Here are some questions to get you started on a good design path:

  1. Who needs to access the results? Will the results be provided to a case manager or investigator?
  2. What do users need to see? Do I need to push out a score or a list to them? Do they need to know why? Do they need to see all of the data or only those cases that are relevant?
  3. Do I need to be able to explain and defend what the model is doing, or is a score enough?
  4. What systems do I need to integrate this solution with? Are they working in a reporting or case management system? Or an inventory planning system? Can I extend it? Do I need to add case management?
  5. Do users need to view results in real time? Is batch the way to go?
  6. Will I need to use a hybrid approach, or will we be using one model?
  7. Are users going to score multiple things at once (like a recommendation engine), or are they predicting one outcome at a time?
  8. What data will be available at the time users want to score?
  9. What is acceptable model performance?
  10. How will you measure success?

 

Remember that all advanced analytics go out of date and must be updated. Unfortunately, many organizations fail to update their models because it is too difficult. Not the model-building part, but the redeployment part. So make sure that you plan for this ahead of time. In some cases, especially in online retail, they need to be changed daily; others may not even require an annual refresh.

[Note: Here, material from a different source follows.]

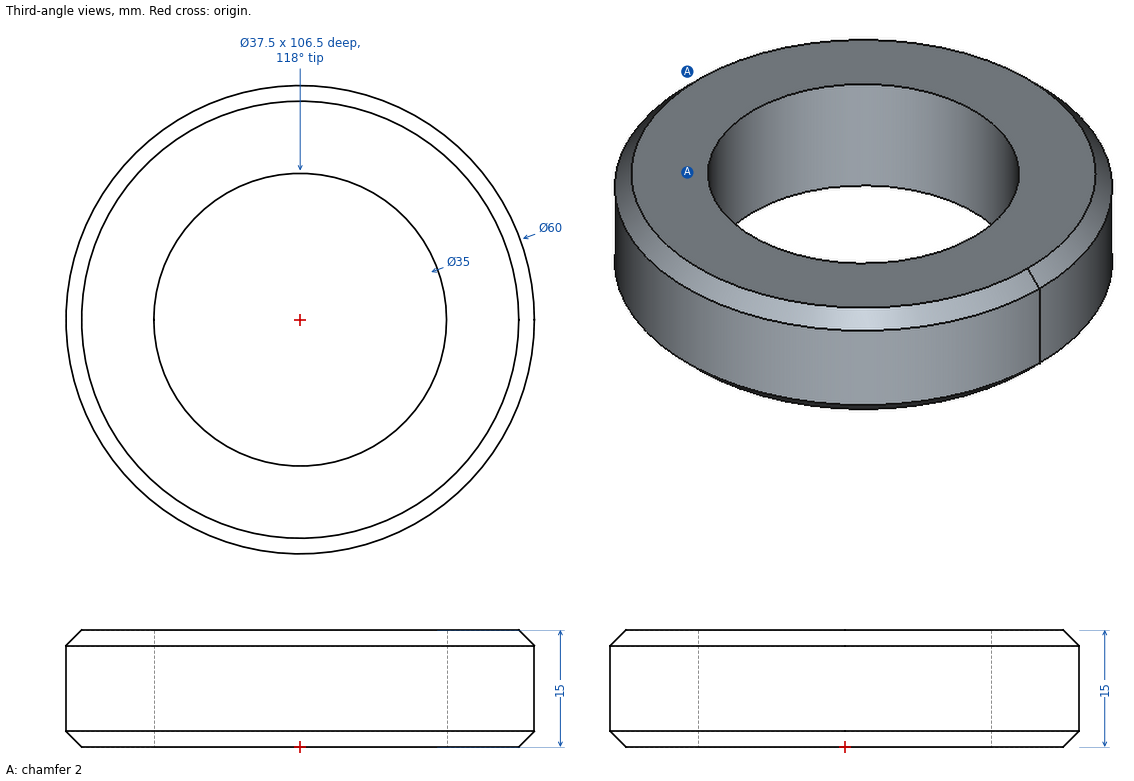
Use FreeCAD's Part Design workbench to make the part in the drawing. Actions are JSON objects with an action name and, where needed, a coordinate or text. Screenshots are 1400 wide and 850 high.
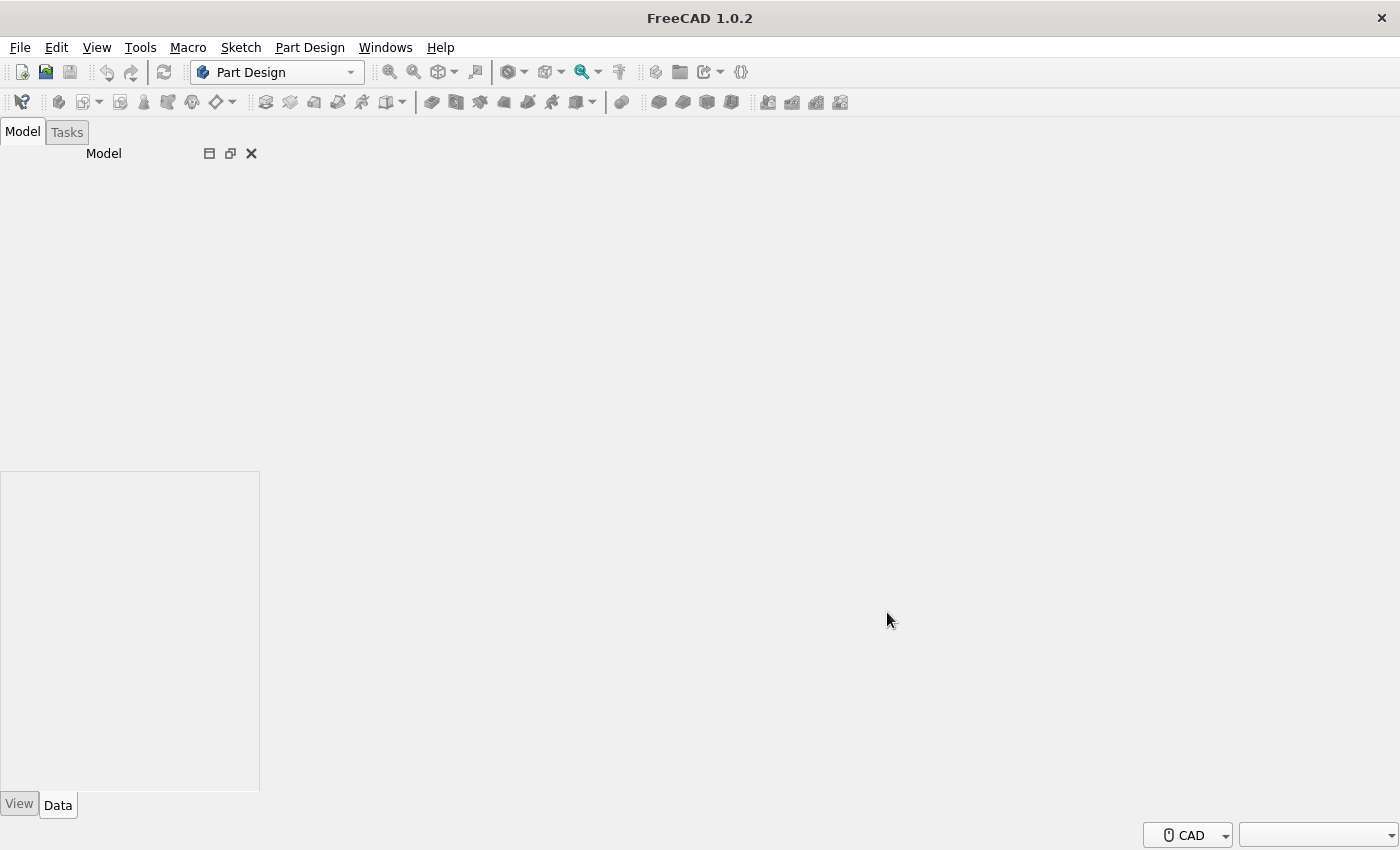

For example, a top US credit company used to manually recode all of their models to run in their operational environment. Once the model was built, it took six months to implement. Fraud prevention models are often used for months and years before they are updated — far past their viability. Clearly, as soon as fraudsters find your vulnerability, they find a different route to continue to commit fraud, leaving analytic models in the dust. If they had considered this part of the equation from the beginning, they could’ve saved themselves considerable effort.

Resist the urge to start working on your project before fully considering these questions. If you’re still unconvinced, consider this cautionary tale. An analyst developed a very complex model in an open-source tool and was trying to implement it. The only way he could do this was to manually recode his work. Manually! Had he started the process with the end in mind, he would have saved his agency time and money.

This should almost go without saying, but hard-coded deployments should be avoided. In order to have long-term success with an analytic solution, an organization should select technologies that are preconfigured to work together, designed to monitor performance over time and alert you when changes should be made.